DIRECTIONS
Find each line in the following listing that has the string "COLS", then state the count and nothing else.

------------------------------------------------------------

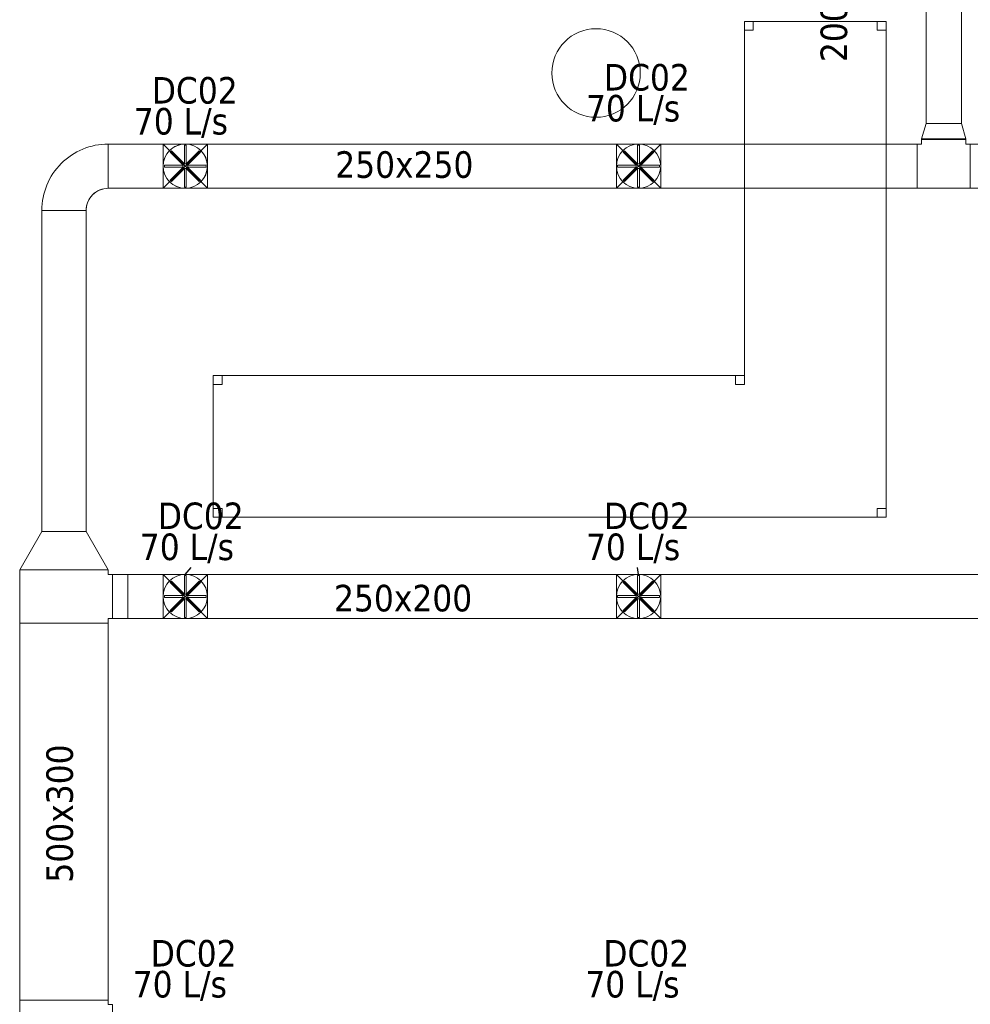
# Model space of a CAD drawing. Header units: metres. Extents: x 391.1 to 430.4, y 12.7 to 28.4.
# Tile 160 of 169: x 412.9 to 418.3, y 18.6 to 24.2. Entities that reach past the tile are written whole.
import ezdxf

# ---------------------------------------------------------------- set-up
doc = ezdxf.new("R2010")
doc.units = ezdxf.units.M
for name, color, linetype, lineweight in [('02_MOBILIARIO', 7, 'Continuous', 18), ('A-COLS-____-MCUT', 7, 'Continuous', 18), ('A-COLS-____-OTLN', 7, 'Continuous', 18), ('A-DETL-____-MBND', 7, 'Continuous', 18), ('A-DETL-GENF-OTLN', 7, 'Continuous', 18), ('M-HVAC-CDFF-IDEN', 7, 'Continuous', 30), ('M-HVAC-DUCT-IDEN', 7, 'Continuous', 30), ('M-HVAC-DUCT-OTLN', 7, 'Continuous', 18)]:
    doc.layers.add(name, color=color, linetype=linetype, lineweight=lineweight)
doc.styles.add('Tahoma_2', font='tahoma.ttf', dxfattribs={"height": 0.15})

# ---------------------------------------------------------------- blocks, each defined once
blk = doc.blocks.new('Family - Mostrador 380X80_PB-155559-02_CLI_AIRE_P0')
at = {"layer": 'A-DETL-____-MBND', "color": 253, "true_color": 0xaaaaaa}
for p, q in [((3.8, 2.8), (2.9999, 2.8)), ((2.9999, 2.8), (3.8, 2.8)), ((2.9999, 2.8), (2.9999, 0.8001)), ((2.9999, 0.8001), (2.9999, 2.8)), ((2.9999, 2.75), (2.9999, 2.8)), ((2.9999, 2.8), (3.0499, 2.8)), ((3.0499, 2.8), (2.9999, 2.8)), ((2.9999, 2.8), (2.9999, 2.75)), ((3.0499, 2.8), (3.0499, 2.75)), ((3.0499, 2.75), (3.0499, 2.8)), ((3.75, 2.75), (3.75, 2.8)), ((3.75, 2.8), (3.8, 2.8)), ((3.8, 2.8), (3.75, 2.8)), ((3.75, 2.8), (3.75, 2.75)), ((3.8, 2.8), (3.8, 0)), ((3.8, 0), (3.8, 2.8)), ((3.8, 2.8), (3.8, 2.75)), ((3.8, 2.75), (3.8, 2.8)), ((3.0499, 2.75), (2.9999, 2.75)), ((2.9999, 2.75), (3.0499, 2.75)), ((3.8, 2.75), (3.75, 2.75)), ((3.75, 2.75), (3.8, 2.75)), ((0, 0.7501), (0, 0.8001)), ((0, 0.8001), (0.05, 0.8001)), ((0.05, 0.8001), (0, 0.8001)), ((0, 0.8001), (0, 0.7501)), ((0, 0.8001), (0, 0)), ((0, 0), (0, 0.8001)), ((0, 0.8001), (2.9999, 0.8001)), ((2.9999, 0.8001), (0, 0.8001)), ((0.05, 0.8001), (0.05, 0.7501)), ((0.05, 0.7501), (0.05, 0.8001)), ((2.9499, 0.7501), (2.9499, 0.8001)), ((2.9499, 0.8001), (2.9999, 0.8001)), ((2.9999, 0.8001), (2.9499, 0.8001)), ((2.9499, 0.8001), (2.9499, 0.7501)), ((2.9999, 0.8001), (2.9999, 0.7501)), ((2.9999, 0.7501), (2.9999, 0.8001)), ((0.05, 0.7501), (0, 0.7501)), ((0, 0.7501), (0.05, 0.7501)), ((2.9999, 0.7501), (2.9499, 0.7501)), ((2.9499, 0.7501), (2.9999, 0.7501)), ((0, 0), (0, 0.05)), ((0, 0.05), (0.05, 0.05)), ((0.05, 0.05), (0, 0.05)), ((0, 0.05), (0, 0)), ((0, 0), (3.8, 0)), ((0.05, 0), (0, 0)), ((0, 0), (0.05, 0)), ((0.05, 0.05), (0.05, 0)), ((0.05, 0), (0.05, 0.05)), ((3.75, 0), (3.75, 0.05)), ((3.75, 0.05), (3.8, 0.05)), ((3.8, 0.05), (3.75, 0.05)), ((3.75, 0.05), (3.75, 0)), ((3.8, 0.05), (3.8, 0)), ((3.8, 0), (3.8, 0.05)), ((3.8, 0), (0, 0)), ((3.8, 0), (3.75, 0)), ((3.75, 0), (3.8, 0))]:
    blk.add_line(p, q, dxfattribs=at)
blk = doc.blocks.new('Family - Pilar PB-155716-02_CLI_AIRE_P0')
at = {"layer": 'A-COLS-____-MCUT', "color": 253, "true_color": 0xaaaaaa}
for start, end in [(360, 180), (180, 360)]:
    blk.add_arc((0.25, 0.25), 0.25, start, end, dxfattribs=at)
at = {"layer": 'A-COLS-____-OTLN', "color": 253, "true_color": 0xaaaaaa}
for start, end in [(360, 180), (180, 360)]:
    blk.add_arc((0.25, 0.25), 0.25, start, end, dxfattribs=at)
blk = doc.blocks.new('LONDR55-XX_ZZ-ARQ-CAA-M3D-Londres55_ifc-1-02_CLI_AIRE_P0')
at = {"layer": '02_MOBILIARIO', "color": 253, "lineweight": 18, "true_color": 0xaaaaaa}
blk.add_blockref('Family - Mostrador 380X80_PB-155559-02_CLI_AIRE_P0', (413.9755, 21.3914), dxfattribs=at)
at = {"layer": 'A-COLS-____-OTLN', "color": 253, "lineweight": 18, "true_color": 0xaaaaaa}
blk.add_blockref('Family - Pilar PB-155716-02_CLI_AIRE_P0', (415.8873, 23.6497), dxfattribs=at)
blk = doc.blocks.new('M_Te rectangular - Estándar-439148-02_CLI_AIRE_P0')
at = {"layer": 'M-HVAC-DUCT-OTLN', "color": 143, "true_color": 0x32aad1}
for p, q in [((-0.15, 0.25), (-0.15, -0.25)), ((-0.15, -0.25), (-0.15, 0.25)), ((-0.15, 0.25), (0.15, 0.25)), ((0.15, 0.25), (-0.15, 0.25)), ((0.15, -0.25), (0.15, 0.25)), ((0.15, 0.25), (0.15, -0.25)), ((-0.125, -0.25), (-0.15, -0.25)), ((-0.125, -0.25), (-0.15, -0.25)), ((-0.125, -0.25), (-0.125, -0.275)), ((-0.125, -0.275), (-0.125, -0.25)), ((-0.125, -0.275), (0.125, -0.275)), ((0.125, -0.275), (-0.125, -0.275)), ((0.125, -0.25), (0.125, -0.275)), ((0.15, -0.25), (0.125, -0.25)), ((0.15, -0.25), (0.125, -0.25)), ((0.125, -0.275), (0.125, -0.25))]:
    blk.add_line(p, q, dxfattribs=at)
blk = doc.blocks.new('M_Codo rectangular - Radio - 1 W-401242-02_CLI_AIRE_P0')
at = {"layer": 'M-HVAC-DUCT-OTLN', "color": 143, "true_color": 0x32aad1}
for p, q in [((-0.125, 0.25), (0.125, 0.25)), ((0.125, 0.25), (-0.125, 0.25)), ((-0.25, 0.125), (-0.25, -0.125)), ((-0.25, -0.125), (-0.25, 0.125))]:
    blk.add_line(p, q, dxfattribs=at)
for radius, end in [(0.125, 360), (0.125, 0), (0.375, 0), (0.375, 0)]:
    blk.add_arc((-0.25, 0.25), radius, 270, end, dxfattribs=at)
blk = doc.blocks.new('M_Transición rectangular - Ángulo - 60 grados-439473-02_CLI_AIRE_P0')
at = {"layer": 'M-HVAC-DUCT-OTLN', "color": 143, "true_color": 0x32aad1}
for p, q in [((0, 0.25), (0, -0.25)), ((0, 0.25), (0.2165, 0.125)), ((0, 0.25), (0.2165, 0.125)), ((0, -0.25), (0, 0.25)), ((0.2165, -0.125), (0.2165, 0.125)), ((0.2165, 0.125), (0.2165, -0.125)), ((0, -0.25), (0.2165, -0.125)), ((0.2165, -0.125), (0, -0.25))]:
    blk.add_line(p, q, dxfattribs=at)
blk = doc.blocks.new('M_Te rectangular - Estándar-659780-02_CLI_AIRE_P0')
at = {"layer": 'M-HVAC-DUCT-OTLN', "color": 143, "true_color": 0x32aad1}
for p, q in [((-0.15, 0.125), (-0.15, -0.125)), ((-0.15, -0.125), (-0.15, 0.125)), ((-0.15, 0.125), (0.15, 0.125)), ((0.15, 0.125), (-0.15, 0.125)), ((0.15, -0.125), (0.15, 0.125)), ((0.15, 0.125), (0.15, -0.125)), ((-0.125, -0.125), (-0.15, -0.125)), ((-0.125, -0.125), (-0.15, -0.125)), ((-0.125, -0.125), (-0.125, -0.15)), ((-0.125, -0.15), (-0.125, -0.125)), ((-0.125, -0.15), (0.125, -0.15)), ((0.125, -0.15), (-0.125, -0.15)), ((0.125, -0.125), (0.125, -0.15)), ((0.15, -0.125), (0.125, -0.125)), ((0.15, -0.125), (0.125, -0.125)), ((0.125, -0.15), (0.125, -0.125))]:
    blk.add_line(p, q, dxfattribs=at)
blk = doc.blocks.new('ZYR_03_06_08_01 Difusor Rotacional Circular Impulsió NO PLENUM - DC02-354801-02_CLI_AIRE_P0')
at = {"layer": 'A-DETL-GENF-OTLN', "color": 143, "true_color": 0x32aad1}
for p, q in [((-0.0052, 0.1179), (0.0052, 0.1179)), ((-0.0052, 0.0138), (-0.0052, 0.1179)), ((0.0052, 0.1179), (0.0052, 0.0138)), ((-0.0862, 0.0788), (-0.0788, 0.0862)), ((-0.0125, 0.0052), (-0.0862, 0.0788)), ((-0.0788, 0.0862), (-0.0052, 0.0125)), ((0.0052, 0.0125), (0.0788, 0.0862)), ((0.0862, 0.0788), (0.0125, 0.0052)), ((0.0788, 0.0862), (0.0862, 0.0788)), ((-0.1179, 0.0052), (-0.0138, 0.0052)), ((-0.1179, -0.0052), (-0.1179, 0.0052)), ((-0.0138, 0.0052), (-0.0138, -0.0052)), ((-0.0052, 0.0125), (-0.0125, 0.0052)), ((0.0052, 0.0138), (-0.0052, 0.0138)), ((0.0125, 0.0052), (0.0052, 0.0125)), ((0.0138, 0.0052), (0.1179, 0.0052)), ((0.0138, -0.0052), (0.0138, 0.0052)), ((0.1179, 0.0052), (0.1179, -0.0052)), ((-0.0138, -0.0052), (-0.1179, -0.0052)), ((-0.0862, -0.0788), (-0.0125, -0.0052)), ((-0.0052, -0.0125), (-0.0788, -0.0862)), ((-0.0125, -0.0052), (-0.0052, -0.0125)), ((-0.0052, -0.0138), (0.0052, -0.0138)), ((-0.0052, -0.1179), (-0.0052, -0.0138)), ((0.0052, -0.0125), (0.0125, -0.0052)), ((0.0788, -0.0862), (0.0052, -0.0125)), ((0.0052, -0.0138), (0.0052, -0.1179)), ((0.0125, -0.0052), (0.0862, -0.0788)), ((0.1179, -0.0052), (0.0138, -0.0052)), ((-0.0788, -0.0862), (-0.0862, -0.0788)), ((0.0862, -0.0788), (0.0788, -0.0862)), ((0.0052, -0.1179), (-0.0052, -0.1179))]:
    blk.add_line(p, q, dxfattribs=at)
blk.add_circle((0, 0), 0.125, dxfattribs=at)
blk = doc.blocks.new('M_Transición rectangular - Ángulo - 60 grados-439150-02_CLI_AIRE_P0')
at = {"layer": 'M-HVAC-DUCT-OTLN', "color": 143, "true_color": 0x32aad1}
for p, q in [((0, 0.125), (0, -0.125)), ((0, 0.125), (0.0866, 0.125)), ((0, 0.125), (0.0866, 0.125)), ((0, -0.125), (0, 0.125)), ((0.0866, -0.125), (0.0866, 0.125)), ((0.0866, 0.125), (0.0866, -0.125)), ((0, -0.125), (0.0866, -0.125)), ((0.0866, -0.125), (0, -0.125))]:
    blk.add_line(p, q, dxfattribs=at)
blk = doc.blocks.new('M_Transición de rectangular a redondo - Ángulo - 60 grados-473491-02_CLI_AIRE_P0')
at = {"layer": 'M-HVAC-DUCT-OTLN', "color": 143, "true_color": 0x32aad1}
for p, q in [((413.6923, 18.5138), (413.6923, 18.6388)), ((413.6923, 18.6388), (413.8173, 18.6388)), ((413.6923, 18.6388), (413.6923, 18.3888)), ((413.9423, 18.6388), (413.6923, 18.6388)), ((413.8173, 18.6388), (413.9423, 18.6388)), ((413.9423, 18.6388), (413.9423, 18.5138)), ((413.9423, 18.3888), (413.9423, 18.6388)), ((413.6923, 18.3888), (413.6923, 18.5138)), ((413.9423, 18.5138), (413.9423, 18.3888)), ((413.8173, 18.3888), (413.6923, 18.3888)), ((413.6923, 18.3888), (413.9423, 18.3888)), ((413.9423, 18.3888), (413.8173, 18.3888))]:
    blk.add_line(p, q, dxfattribs=at)
for start, end in [(90, 180), (0, 90), (180, 270), (270, 0)]:
    blk.add_arc((413.8173, 18.5138), 0.125, start, end, dxfattribs=at)
blk = doc.blocks.new('MEP_15_03 Injerto Conducte - Mínimo-473568-02_CLI_AIRE_P0')
at = {"layer": 'M-HVAC-DUCT-OTLN', "color": 143, "true_color": 0x32aad1}
for p, q in [((416.5023, 21.0688), (416.2523, 21.0688)), ((416.2523, 21.0688), (416.2523, 20.8188)), ((416.5023, 21.0688), (416.2523, 21.0688)), ((416.2523, 21.0688), (416.2523, 20.8188)), ((416.5023, 20.8188), (416.5023, 21.0688)), ((416.5023, 20.8188), (416.5023, 21.0688)), ((416.2523, 20.8188), (416.5023, 20.8188)), ((416.2523, 20.8188), (416.5023, 20.8188))]:
    blk.add_line(p, q, dxfattribs=at)
blk = doc.blocks.new('MEP_15_03 Injerto Conducte - Mínimo-769322-02_CLI_AIRE_P0')
at = {"layer": 'M-HVAC-DUCT-OTLN', "color": 143, "true_color": 0x32aad1}
for p, q in [((413.9423, 23.4988), (413.6923, 23.4988)), ((413.6923, 23.4988), (413.6923, 23.2488)), ((413.6923, 23.4988), (413.6923, 23.2488)), ((413.9423, 23.4988), (413.6923, 23.4988)), ((413.9423, 23.2488), (413.9423, 23.4988)), ((413.9423, 23.2488), (413.9423, 23.4988)), ((413.6923, 23.2488), (413.9423, 23.2488)), ((413.6923, 23.2488), (413.9423, 23.2488))]:
    blk.add_line(p, q, dxfattribs=at)
blk = doc.blocks.new('MEP_15_03 Injerto Conducte - Mínimo-769323-02_CLI_AIRE_P0')
at = {"layer": 'M-HVAC-DUCT-OTLN', "color": 143, "true_color": 0x32aad1}
for p, q in [((416.5023, 23.4988), (416.2523, 23.4988)), ((416.2523, 23.4988), (416.2523, 23.2488)), ((416.5023, 23.4988), (416.2523, 23.4988)), ((416.2523, 23.4988), (416.2523, 23.2488)), ((416.5023, 23.2488), (416.5023, 23.4988)), ((416.5023, 23.2488), (416.5023, 23.4988)), ((416.2523, 23.2488), (416.5023, 23.2488)), ((416.2523, 23.2488), (416.5023, 23.2488))]:
    blk.add_line(p, q, dxfattribs=at)
blk = doc.blocks.new('M_Transición rectangular - Ángulo - 60 grados-660029-02_CLI_AIRE_P0')
at = {"layer": 'M-HVAC-DUCT-OTLN', "color": 143, "true_color": 0x32aad1}
for p, q in [((0, 0.1), (0.0866, 0.125)), ((0, 0.1), (0.0866, 0.125)), ((0.0866, -0.125), (0.0866, 0.125)), ((0.0866, 0.125), (0.0866, -0.125)), ((0, 0.1), (0, -0.1)), ((0, -0.1), (0, 0.1)), ((0, -0.1), (0.0866, -0.125)), ((0.0866, -0.125), (0, -0.1))]:
    blk.add_line(p, q, dxfattribs=at)

msp = doc.modelspace()

# ---------------------------------------------------------------- linework, layer by layer
at = {"layer": 'M-HVAC-CDFF-IDEN'}
for p, q in [((413.8173, 21.0688), (413.851, 21.1067)), ((416.3773, 21.0688), (416.371, 21.1067))]:
    msp.add_line(p, q, dxfattribs=at)
at = {"layer": 'M-HVAC-DUCT-OTLN', "color": 143, "true_color": 0x32aad1}
for p, q in [((418.0012, 23.6155), (418.0012, 25.2137)), ((418.2012, 25.2137), (418.2012, 23.6155)), ((418.2012, 23.6155), (418.0012, 23.6155)), ((417.9762, 23.5289), (418.2262, 23.5289)), ((417.9762, 23.5238), (417.9762, 23.5289)), ((417.9762, 23.5238), (418.2262, 23.5238)), ((418.2262, 23.5289), (418.2262, 23.5238)), ((413.382, 23.4988), (413.382, 23.2488)), ((413.382, 23.4988), (417.9512, 23.4988)), ((413.6923, 23.4988), (413.6923, 23.2488)), ((413.6923, 23.4988), (413.9423, 23.2488)), ((413.9423, 23.4988), (413.6923, 23.2488)), ((413.9423, 23.2488), (413.9423, 23.4988)), ((416.2523, 23.4988), (416.2523, 23.2488)), ((416.5023, 23.2488), (416.2523, 23.4988)), ((416.2523, 23.2488), (416.5023, 23.4988)), ((416.5023, 23.2488), (416.5023, 23.4988)), ((417.9512, 23.4988), (417.9512, 23.2488)), ((418.2512, 23.4988), (418.2512, 23.2488)), ((418.2512, 23.4988), (418.9336, 23.4988)), ((417.9512, 23.2488), (413.382, 23.2488)), ((418.9336, 23.2488), (418.2512, 23.2488)), ((413.007, 23.1238), (413.257, 23.1238)), ((413.007, 21.3103), (413.007, 23.1238)), ((413.257, 23.1238), (413.257, 21.3103)), ((413.007, 21.3103), (413.257, 21.3103)), ((413.4936, 21.0688), (413.4936, 20.8188)), ((413.4936, 21.0688), (418.9336, 21.0688)), ((413.6923, 21.0688), (413.6923, 20.8188)), ((413.9423, 20.8188), (413.6923, 21.0688)), ((413.6923, 20.8188), (413.9423, 21.0688)), ((413.9423, 20.8188), (413.9423, 21.0688)), ((416.2523, 21.0688), (416.2523, 20.8188)), ((416.5023, 20.8188), (416.2523, 21.0688)), ((416.2523, 20.8188), (416.5023, 21.0688)), ((416.5023, 20.8188), (416.5023, 21.0688)), ((418.9336, 20.8188), (413.4936, 20.8188)), ((412.882, 20.7938), (413.382, 20.7938)), ((412.882, 18.6638), (412.882, 20.7938)), ((413.382, 20.7938), (413.382, 18.6638)), ((412.882, 18.6638), (413.382, 18.6638))]:
    msp.add_line(p, q, dxfattribs=at)

# ---------------------------------------------------------------- block references
at = {"lineweight": 5}
msp.add_blockref('LONDR55-XX_ZZ-ARQ-CAA-M3D-Londres55_ifc-1-02_CLI_AIRE_P0', (0, 0), dxfattribs=at)
at = {"layer": 'A-DETL-GENF-OTLN', "color": 143, "true_color": 0x32aad1}
for p in [(413.8173, 23.3738), (416.3773, 23.3738), (413.8173, 20.9438), (416.3773, 20.9438)]:
    msp.add_blockref('ZYR_03_06_08_01 Difusor Rotacional Circular Impulsió NO PLENUM - DC02-354801-02_CLI_AIRE_P0', p, dxfattribs=at)
at = {"layer": 'M-HVAC-DUCT-OTLN', "color": 143, "true_color": 0x32aad1}
for name, p, rotation in [('M_Transición rectangular - Ángulo - 60 grados-660029-02_CLI_AIRE_P0', (418.1012, 23.6155), 270), ('M_Te rectangular - Estándar-659780-02_CLI_AIRE_P0', (418.1012, 23.3738), 180), ('M_Codo rectangular - Radio - 1 W-401242-02_CLI_AIRE_P0', (413.132, 23.3738), 180), ('M_Transición de rectangular a redondo - Ángulo - 60 grados-473491-02_CLI_AIRE_P0', (827.6345, 41.8876), 180), ('M_Transición rectangular - Ángulo - 60 grados-439473-02_CLI_AIRE_P0', (413.132, 21.0938), 90), ('M_Te rectangular - Estándar-439148-02_CLI_AIRE_P0', (413.132, 20.9438), 90), ('M_Te rectangular - Estándar-439148-02_CLI_AIRE_P0', (413.132, 18.5138), 90)]:
    msp.add_blockref(name, p, dxfattribs=dict(at, rotation=rotation))
for name, p in [('MEP_15_03 Injerto Conducte - Mínimo-769322-02_CLI_AIRE_P0', (0, 0)), ('M_Transición de rectangular a redondo - Ángulo - 60 grados-473491-02_CLI_AIRE_P0', (2.56, 4.86)), ('MEP_15_03 Injerto Conducte - Mínimo-769323-02_CLI_AIRE_P0', (0, 0)), ('M_Transición rectangular - Ángulo - 60 grados-439150-02_CLI_AIRE_P0', (413.407, 20.9438)), ('M_Transición de rectangular a redondo - Ángulo - 60 grados-473491-02_CLI_AIRE_P0', (0, 2.43)), ('MEP_15_03 Injerto Conducte - Mínimo-473568-02_CLI_AIRE_P0', (-2.56, 0)), ('M_Transición de rectangular a redondo - Ángulo - 60 grados-473491-02_CLI_AIRE_P0', (2.56, 2.43)), ('MEP_15_03 Injerto Conducte - Mínimo-473568-02_CLI_AIRE_P0', (0, 0))]:
    msp.add_blockref(name, p, dxfattribs=at)

# ---------------------------------------------------------------- texts
at = {"layer": 'M-HVAC-CDFF-IDEN', "char_height": 0.15, "attachment_point": 1, "style": 'Tahoma_2'}
for s, insert, width in [('DC02', (416.1821, 23.9508), 0.577215), ('DC02', (413.6283, 23.877), 0.577215), ('70 L/s', (416.0805, 23.7761), 0.661392), ('70 L/s', (413.5267, 23.7024), 0.661392), ('DC02', (413.6621, 21.4741), 0.577215), ('DC02', (416.1821, 21.4741), 0.577215), ('70 L/s', (413.5605, 21.2994), 0.661392), ('70 L/s', (416.0805, 21.2994), 0.661392), ('DC02', (413.6221, 19.0041), 0.577215), ('DC02', (416.1786, 19.0041), 0.577215), ('70 L/s', (413.5205, 18.8294), 0.661392), ('70 L/s', (416.077, 18.8294), 0.661392)]:
    msp.add_mtext(s, dxfattribs=dict(at, insert=insert, width=width))
at = {"layer": 'M-HVAC-DUCT-IDEN', "char_height": 0.15, "width": 0.913924, "attachment_point": 1, "rotation": 90, "style": 'Tahoma_2'}
for s, insert in [('200x100', (417.4053, 23.9616)), ('500x300', (413.0324, 19.328))]:
    msp.add_mtext(s, dxfattribs=dict(at, insert=insert))
at = {"layer": 'M-HVAC-DUCT-IDEN', "char_height": 0.15, "width": 0.913924, "attachment_point": 1, "style": 'Tahoma_2'}
for s, insert in [('250x250', (414.6643, 23.4579)), ('250x200', (414.6575, 21.0097))]:
    msp.add_mtext(s, dxfattribs=dict(at, insert=insert))

doc.saveas('drawing.dxf')

------------------------------------------------------------

RESULT
4